Valentim desliga. CORTA A CENA.

CENA 8: Depois do jantar, Cleiton vai dormir e Adelaide fica a sós na sala com Eva e Renata.
-Meninas... eu vou ser sincera com vocês, posso? - fala Adelaide.
-E por que não poderia? A senhora está dentro da sua casa e está sendo muito gentil com a gente... - fala Eva.
-Eu espero que vocês não levem a mal o que vou dizer...
-Olha lá o que você vai falar, mãe... - preocupa-se Renata
-Preciso abrir meu coração... não tem sido fácil pra mim aprender a conviver, me adaptar a tudo isso. Eu sei que pra vocês é normal porque é o que vocês são... não é isso que questiono. Mas confesso que por um momento fiquei preocupada com que iriam pensar de mim lá na igreja, quando vi no site da revista a foto de vocês duas juntas, a Eva te apresentando como namorada, minha filha... me desculpem, queridas. Eu sei que vocês não merecem ouvir isso tudo... mas tudo isso ainda é um mundo novo pra mim. É como se eu estivesse renascendo, reaprendendo a andar, falar... resignificando as coisas no meu mundo. Peço que tenham paciência comigo se por um acaso eu acabar fazendo algum comentário infeliz...
Renata se comove com a postura de sua mãe.

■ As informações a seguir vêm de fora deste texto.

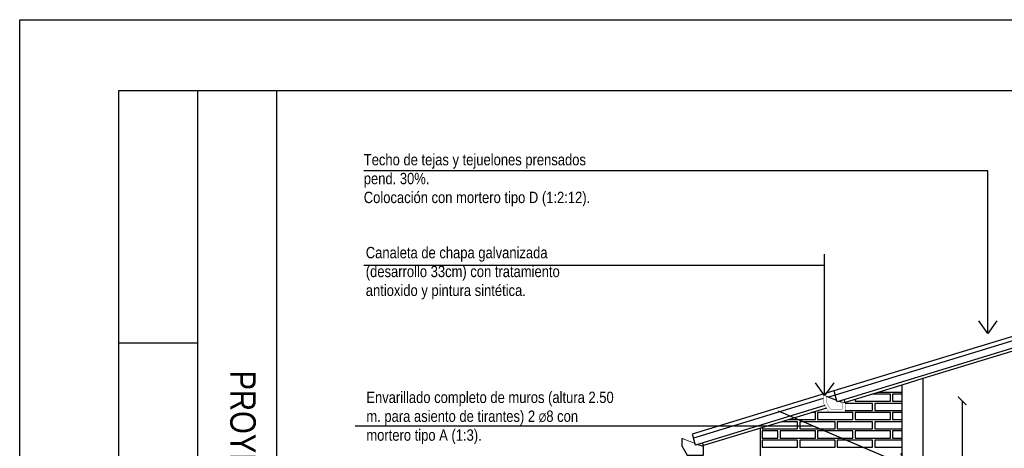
# Model space of a CAD drawing. Header units: millimetres. Extents: x 201 to 840, y 135 to 685.
# Tile 166 of 219: x 319.08 to 326.03, y 330.6 to 333.63. Entities that reach past the tile are written whole.
import ezdxf

# ---------------------------------------------------------------- set-up
doc = ezdxf.new("R2010")
doc.units = ezdxf.units.MM
for name, color, linetype in [('0.2', 1, 'Continuous'), ('01', 1, 'Continuous'), ('02', 2, 'Continuous'), ('03', 3, 'Continuous'), ('05', 5, 'Continuous'), ('cota', 2, 'Continuous'), ('Ladrillo visto', 250, 'Continuous'), ('LAMINA', 6, 'Continuous'), ('LLAMADAS', 1, 'Continuous'), ('muro', 6, 'Continuous'), ('TEXTO LAMINA', 2, 'Continuous')]:
    doc.layers.add(name, color=color, linetype=linetype)
doc.layers.add('001', color=1, linetype='Continuous', lineweight=5)
doc.styles.add('ARIAL', font='arial.ttf', dxfattribs={"height": 0.06})
doc.styles.get("Standard").update_dxf_attribs({"font": 'arial.ttf'})
doc.styles.add('STYLE1', font='ARIALUNI.TTF', dxfattribs={"height": 0.09})
doc.dimstyles.new('05', dxfattribs={"dimscale": 0, "dimtxt": 0.09, "dimasz": 0.05, "dimexe": 0, "dimexo": 0, "dimgap": 0, "dimtad": 0, "dimzin": 0, "dimdsep": 46, "dimtxsty": 'Standard', "dimblk": 'OPEN90', "dimcen": 0.25, "dimclrd": 1, "dimclre": 1, "dimclrt": 3, "dimadec": 0, "dimazin": 0, "dimtfac": 1, "dimtofl": 0, "dimtmove": 2, "dimatfit": 3, "dimldrblk": 'BOXFILLED', "dimfxl": 1, "dimtolj": 1, "dimtzin": 0, "dimarcsym": 0})
doc.dimstyles.new('D3', dxfattribs={"dimscale": 0, "dimtxt": 0.09, "dimasz": 0.06, "dimexe": 0, "dimexo": 0.15, "dimgap": 0, "dimtad": 0, "dimzin": 0, "dimdsep": 46, "dimtxsty": 'STYLE1', "dimblk": 'ARCHTICK', "dimcen": 1, "dimse1": 1, "dimse2": 1, "dimclrd": 1, "dimclre": 1, "dimclrt": 3, "dimadec": 0, "dimazin": 0, "dimtfac": 1, "dimtmove": 2, "dimatfit": 1, "dimldrblk": 'OPEN90', "dimfxl": 1, "dimtolj": 1, "dimtzin": 0, "dimarcsym": 0})
picture_1 = doc.add_image_def('image1.jpg', size_in_pixel=(635, 198))
picture_2 = doc.add_image_def('image5.jpg', size_in_pixel=(635, 198))

# ---------------------------------------------------------------- blocks, each defined once
blk = doc.blocks.new('_ARCHTICK')
at = {"color": 0, "linetype": 'ByBlock', "const_width": 0.15}
blk.add_lwpolyline([(-0.5, -0.5), (0.5, 0.5)], dxfattribs=at)
blk = doc.blocks.new('*D311')
at = {"layer": 'cota', "color": 1, "lineweight": -2, "ltscale": 0.5}
for p, q in [((325.734, 330.9321), (325.734, 329.5665)), ((325.734, 327.9657), (325.734, 329.3313))]:
    blk.add_line(p, q, dxfattribs=at)
at = {"layer": 'DEFPOINTS', "color": 0, "ltscale": 0.5}
for p in [(325.4568, 330.9321), (325.4568, 327.9657), (325.734, 327.9657)]:
    blk.add_point(p, dxfattribs=at)
at = {"layer": 'cota', "color": 1, "lineweight": -2, "ltscale": 0.5, "xscale": 0.06, "yscale": 0.06, "zscale": 0.06}
for p, rotation in [((325.734, 330.9321), 90), ((325.734, 327.9657), 270)]:
    blk.add_blockref('_ARCHTICK', p, dxfattribs=dict(at, rotation=rotation))
at = {"layer": 'cota', "color": 3, "ltscale": 0.5, "insert": (325.734, 329.4489), "char_height": 0.09, "attachment_point": 5, "rotation": 90, "style": 'STYLE1'}
blk.add_mtext('\\A1;2.97', dxfattribs=at)
blk = doc.blocks.new('_OPEN90')
at = {"color": 0, "linetype": 'ByBlock'}
for p, q in [((0, 0), (-1, 0)), ((-0.5, 0.5), (0, 0)), ((0, 0), (-0.5, -0.5))]:
    blk.add_line(p, q, dxfattribs=at)

msp = doc.modelspace()

# ---------------------------------------------------------------- linework, layer by layer
at = {"layer": '0.2'}
for p, q in [((324.8272, 331.0021), (323.8272, 330.6966)), ((324.7528, 330.948), (323.836, 330.6679)), ((324.836, 330.9734), (324.7893, 330.9592)), ((324.7647, 330.8993), (323.8506, 330.6201))]:
    msp.add_line(p, q, dxfattribs=at)
at = {"layer": '001'}
for p, q in [((323.7632, 330.6634), (323.8472, 330.632)), ((323.8506, 330.6201), (323.8362, 330.668)), ((323.8668, 330.6246), (323.8977, 330.613))]:
    msp.add_line(p, q, dxfattribs=at)
at = {"layer": '01'}
for p, q in [((327.1305, 331.6222), (324.8504, 330.9255)), ((324.7728, 330.9654), (324.8467, 330.9376)), ((324.8504, 330.9255), (324.836, 330.9734)), ((324.8662, 330.9303), (324.8872, 330.9224)), ((324.9066, 330.9218), (324.8967, 330.9187)), ((324.9066, 330.9218), (324.9009, 330.9407)), ((324.7754, 330.8817), (323.9066, 330.6162)), ((323.8272, 330.6966), (323.836, 330.6679)), ((323.8504, 330.6199), (323.836, 330.6679)), ((323.8664, 330.6247), (323.8969, 330.6133)), ((323.8969, 330.6133), (323.9066, 330.6162)), ((323.9066, 330.6162), (323.9009, 330.6351))]:
    msp.add_line(p, q, dxfattribs=at)
at = {"layer": '02'}
for p, q in [((327.1306, 331.6013), (325.4568, 331.0899)), ((325.3068, 331.044), (324.9066, 330.9218))]:
    msp.add_line(p, q, dxfattribs=at)
at = {"layer": '03'}
for p, q in [((327.1218, 331.7031), (324.8272, 331.0021)), ((327.1305, 331.6745), (324.836, 330.9734)), ((324.8272, 331.0021), (324.836, 330.9734))]:
    msp.add_line(p, q, dxfattribs=at)
at = {"layer": '05', "const_width": 0.002}
for points in [[(324.7728, 330.9654), (324.7628, 330.9691), (324.7528, 330.9691), (324.7528, 330.9191), (324.7922, 330.8537), (324.9072, 330.8537), (324.9072, 330.9187), (324.8972, 330.9187), (324.8872, 330.9224)], [(324.7728, 330.9654), (324.7728, 330.9247), (324.8035, 330.8737), (324.8872, 330.8737), (324.8872, 330.9224)]]:
    msp.add_lwpolyline(points, dxfattribs=at)
at = {"layer": '05'}
msp.add_lwpolyline([(323.7632, 330.6634), (323.7532, 330.6634), (323.7532, 330.6134), (323.7927, 330.548), (323.9077, 330.548), (323.9077, 330.613), (323.8977, 330.613)], dxfattribs=at)
at = {"layer": 'Ladrillo visto', "color": 251, "ltscale": 0.5}
for points in [[(325.1442, 330.9944), (325.3068, 330.9944)], [(324.9775, 330.9294), (325.2275, 330.9294), (325.2275, 330.9794), (325.0951, 330.9794)], [(324.9775, 330.9435), (324.9775, 330.9294)], [(325.3068, 330.9794), (325.2425, 330.9794), (325.2425, 330.9294)], [(325.2425, 330.9294), (325.3068, 330.9294)], [(325.1018, 330.8757), (325.1018, 330.9144), (324.9072, 330.9144)], [(324.9072, 330.8644), (325.1018, 330.8644), (325.1018, 330.9144), (324.9072, 330.9144)], [(325.3068, 330.9144), (325.1168, 330.9144), (325.1168, 330.8644), (325.3068, 330.8644)], [(324.3218, 330.7344), (324.5718, 330.7344), (324.5718, 330.7844), (324.4568, 330.7844)], [(324.5718, 330.7457), (324.5718, 330.7844), (324.4568, 330.7844)], [(324.5059, 330.7994), (324.6975, 330.7994), (324.6975, 330.8494), (324.6696, 330.8494)], [(324.8368, 330.7457), (324.8368, 330.7844), (324.5868, 330.7844), (324.5868, 330.7457)], [(324.5868, 330.7344), (324.8368, 330.7344), (324.8368, 330.7844), (324.5868, 330.7844), (324.5868, 330.7344)], [(324.7125, 330.7994), (324.9625, 330.7994), (324.9625, 330.8494), (324.7125, 330.8494), (324.7125, 330.7994)], [(325.1018, 330.7457), (325.1018, 330.7844), (324.8518, 330.7844), (324.8518, 330.7457)], [(324.8518, 330.7344), (325.1018, 330.7344), (325.1018, 330.7844), (324.8518, 330.7844), (324.8518, 330.7344)], [(324.9775, 330.7994), (325.2275, 330.7994), (325.2275, 330.8494), (324.9775, 330.8494), (324.9775, 330.7994)], [(325.3068, 330.7844), (325.1168, 330.7844), (325.1168, 330.7344), (325.3068, 330.7344)], [(325.3068, 330.8494), (325.2425, 330.8494), (325.2425, 330.7994)], [(325.2425, 330.7994), (325.3068, 330.7994)], [(324.3218, 330.7431), (324.3218, 330.7344)], [(324.3218, 330.6694), (324.4325, 330.6694), (324.4325, 330.7194), (324.3218, 330.7194), (324.3218, 330.6694)], [(324.4475, 330.6694), (324.6975, 330.6694), (324.6975, 330.7194), (324.4475, 330.7194), (324.4475, 330.6694)], [(324.7125, 330.6694), (324.9625, 330.6694), (324.9625, 330.7194), (324.7125, 330.7194), (324.7125, 330.6694)], [(324.9775, 330.6694), (325.2275, 330.6694), (325.2275, 330.7194), (324.9775, 330.7194), (324.9775, 330.6694)], [(325.3068, 330.7194), (325.2425, 330.7194), (325.2425, 330.6694)], [(324.5718, 330.6157), (324.5718, 330.6544), (324.3218, 330.6544), (324.3218, 330.6157)], [(324.3218, 330.6044), (324.5718, 330.6044), (324.5718, 330.6544), (324.3218, 330.6544), (324.3218, 330.6044)], [(324.8368, 330.6157), (324.8368, 330.6544), (324.5868, 330.6544), (324.5868, 330.6157)], [(324.5868, 330.6044), (324.8368, 330.6044), (324.8368, 330.6544), (324.5868, 330.6544), (324.5868, 330.6044)], [(325.1018, 330.6157), (325.1018, 330.6544), (324.8518, 330.6544), (324.8518, 330.6157)], [(324.8518, 330.6044), (325.1018, 330.6044), (325.1018, 330.6544), (324.8518, 330.6544), (324.8518, 330.6044)], [(325.3068, 330.6544), (325.1168, 330.6544), (325.1168, 330.6044), (325.3068, 330.6044)], [(325.2425, 330.6694), (325.3068, 330.6694)]]:
    msp.add_lwpolyline(points, dxfattribs=at)
at = {"layer": 'LAMINA', "color": 7}
for p, q in [((319.0768, 333.6261), (334.3243, 333.6261)), ((319.0768, 324.1494), (319.0768, 333.6261))]:
    msp.add_line(p, q, dxfattribs=at)
at = {"layer": 'LAMINA'}
for p, q in [((319.7768, 333.1261), (333.8243, 333.1261)), ((320.8909, 333.1261), (320.8909, 324.6494))]:
    msp.add_line(p, q, dxfattribs=at)
at = {"layer": 'LAMINA', "color": 2}
msp.add_line((319.7768, 324.6494), (319.7768, 333.1261), dxfattribs=at)
at = {"layer": 'LAMINA', "color": 1}
msp.add_lwpolyline([(320.3338, 333.1261), (320.3338, 324.6494)], dxfattribs=at)
at = {"layer": 'muro', "ltscale": 0.01}
for p, q in [((325.4568, 331.0899), (325.3068, 331.044)), ((325.4568, 331.0899), (325.4568, 330.0657)), ((325.3068, 331.044), (325.3068, 330.0657))]:
    msp.add_line(p, q, dxfattribs=at)
at = {"layer": 'muro', "color": 1, "ltscale": 0.01}
msp.add_line((324.3068, 330.7385), (324.3068, 330.4857), dxfattribs=at)

# ---------------------------------------------------------------- texts
at = {"layer": 'LLAMADAS', "color": 2, "ltscale": 0.01, "char_height": 0.08, "attachment_point": 1, "style": 'ARIAL'}
for s, insert, width in [('{\\fTechnic|b0|i0|c2|p2;Techo de tejas y tejuelones prensados pend. 30%. \\PColocación con mortero tipo D (1:2:12). }', (321.5073, 332.6768), 1.629629), ('{\\fTechnic|b0|i0|c2|p2;Canaleta de chapa galvanizada (desarrollo 33cm) con tratamiento antioxido y pintura sintética.}', (321.5215, 332.0201), 1.629629), ('{\\fTechnic|b0|i0|c2|p2;Envarillado completo de muros (altura 2.50 m. para asiento de tirantes) 2 \\H0.75x;Ø\\H1.3333x;8 con mortero tipo A (1:3).}', (321.5255, 330.9972), 1.75658)]:
    msp.add_mtext(s, dxfattribs=dict(at, insert=insert, width=width))
at = {"layer": 'TEXTO LAMINA', "insert": (320.7442, 331.1462), "char_height": 0.18, "attachment_point": 1, "rotation": 270, "style": 'ARIAL'}
msp.add_mtext_dynamic_manual_height_columns('{\\fTechnic|b0|i0|c2|p2;PROYECTO CJ-2D - ÁREA: 44.50 m²}', width=4.338061, gutter_width=12.5, heights=[0], dxfattribs=at)

# ---------------------------------------------------------------- dimensions: what is measured, and where the dimension line sits
at = {"layer": 'cota', "ltscale": 0.5}
dim = msp.add_linear_dim(base=(325.734, 327.9657), p1=(325.4568, 330.9321), p2=(325.4568, 327.9657), angle=90, dimstyle='D3', override={"dimscale": 1}, dxfattribs=at)
dim.commit()
dim.dimension.update_dxf_attribs({"geometry": '*D311', "text_midpoint": (325.734, 329.4489)})

# ---------------------------------------------------------------- pictures from other files: only their frames are drawn
image = msp.add_image(picture_1, insert=(319.7768, 333.1261), size_in_units=(1.7866, 0.5571), rotation=-90)
image.dxf.flags = 7
at = {"layer": '01'}
image = msp.add_image(picture_2, insert=(319.7768, 333.1261), size_in_units=(1.7866, 0.5571), rotation=-90, dxfattribs=at)
image.dxf.flags = 7

# ---------------------------------------------------------------- leaders
at = {"layer": 'LLAMADAS'}
for points in [[(325.9145, 331.4075), (325.9145, 332.557), (321.5074, 332.557)], [(324.7628, 330.9691), (324.7628, 331.89), (321.5074, 331.89)], [(325.3557, 330.4659), (324.6822, 330.7539), (321.4473, 330.7539)]]:
    msp.add_leader(points, dimstyle='05', override={"dimscale": 1, "dimasz": 0.09, "dimldrblk": 'OPEN90'}, dxfattribs=at)

doc.saveas('drawing.dxf')

-Na verdade a senhora tá dando é motivo pra eu me orgulhar de te ter como mãe. Deus sabe o que faz, no fim das contas... sabia o que tava fazendo quando te fez escolher a mim na fila de adoção. Eu só tenho a agradecer, apesar dos percalços que passamos. No fim, eles serviram para que nós pudéssemos amadurecer através deles...
-E a senhora pode ficar tranquila... nós vamos te ajudar nesse processo de desconstrução, pode deixar. - complementa Eva.
As três se abraçam, selando definitivamente a harmonia entre elas. CORTA A CENA.

CENA 9: Na mansão dos Bittencourt, todos estão conversando tranquilamente na sala quando a campainha toca.
-Ih... será que a Suzanne resolveu aparecer de sopetão depois do sumiço? - questiona Riva.
-Não acho que uma pessoa fina como ela cometeria essa deselegância de aparecer na casa dos outros quando já passou das nove... - alfineta, sutilmente, Valquíria.
-Que tal vocês pararem de especular sobre quem é que tá batendo na nossa casa e alguém for atender a porta? - fala Marcelo.
-Então vai você, filho... - fala Riva.
Marcelo vai até a porta e se surpreende com quem vê.
-Laura? O que é que você veio fazer aqui numa hora dessas? FIM DO CAPÍTULO 49.